Yoder Smokers YS480 Pellet Grill  

Yoder Smokers YS640 Pellet Grill


----------



## carpetride

They look very well built, I will be interested to see a few user reviews once a few get out there.


----------



## cabin fever

I watched the two Youtube videos on the YS640 and the thing is built like a tank at 350 pounds. Definitely looks a lot sturdier than all the other pellet poopers on the market anyway. Any idea what the price tags for both units will be?


----------



## scarbelly

My .02 is that I would not limit myself to a single dicipline on smoking.  I know there are lots of folks who love the pellets but to me it is just not my cup of tea. I want to be able to use more than one source of smoke


----------



## texacajun

Cabin Fever said:


> I watched the two Youtube videos on the YS640 and the thing is built like a tank at 350 pounds. Definitely looks a lot sturdier than all the other pellet poopers on the market anyway. Any idea what the price tags for both units will be?
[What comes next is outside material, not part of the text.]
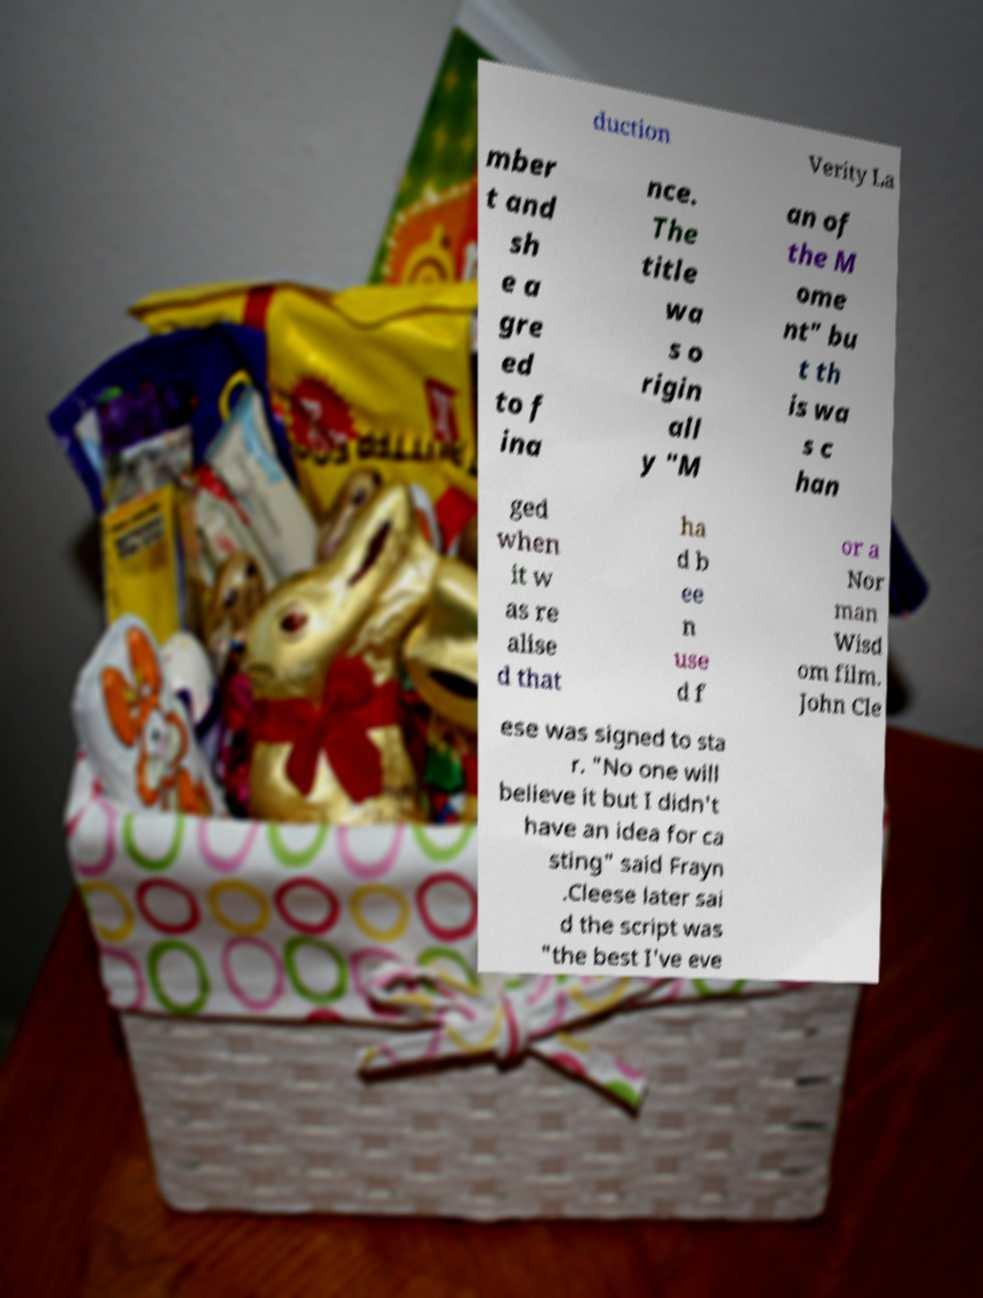I need the written content from this picture converted into text. Can you do that? duction Verity La mber t and sh e a gre ed to f ina nce. The title wa s o rigin all y "M an of the M ome nt" bu t th is wa s c han ged when it w as re alise d that ha d b ee n use d f or a Nor man Wisd om film. John Cle ese was signed to sta r. "No one will believe it but I didn't have an idea for ca sting" said Frayn .Cleese later sai d the script was "the best I've eve

I have the prices at work. I will get them and post them tonight.


----------



## squirrel

I have a Traeger and I call it my "glorified oven". LOL! It certainly can't touch the good old wood burning smoker. I have a cheap Brinkman and love, love, love it! Totally want the Lang 48 though. I also have the MES 40. The Traeger is really good at one thing that I like and that's doing the chicken breasts. I can fit 20 bigguns on there and keep in on the smoke cycle for 30 minutes then crank it up to 325F and 30-40 minutes later they are done. No messing up my indoor oven either. I only paid $500 for a $1,500 unit so I can live with it. That Yoder does look like a tank though!


----------



## smokeamotive

I tried to buy a yoder summer before last. called the guy direct cuz would save several hundred over buying it through Cabelas. He made the old Next week promise over and over. Finally after about 2 mounths of this I found a Horizon Ranger at BPS that was a twin to what yoder had. went to BPS with a trailer, bought it and took it home the same day. The guy from yoder called aboout a month later and said he would be up and deliver my smoker......I said....Keep it!    Not that it had any problems with quality, but his customer service left alot to be desired.


----------



## texacajun

Ok the prices are

1099.00 for the YS480 that's the 480 Square inch one grill dimensions are 20 x 24

1299.00 for the YA640 that's the 640 Square inch one grill dimensions are 20 x 32

cooking temp range is 180-600 degrees

18 pound hopper capacity.

steel gauge is 10 on the cooking chamber and 14 on the hopper and cart.


----------



## cabin fever

The price of the YS640 is definitely about right for a grill of that quality, but I think I’m gonna hold out and go with a Mak 2-Star General hopefully sometime in the near future. From everything I’ve read online, the Mak seems to be the only pellet pooper on the market that’s really pushed more as a smoker than a grill. It seems to me that other manufactures push their units more as grills that can smoke after the fact.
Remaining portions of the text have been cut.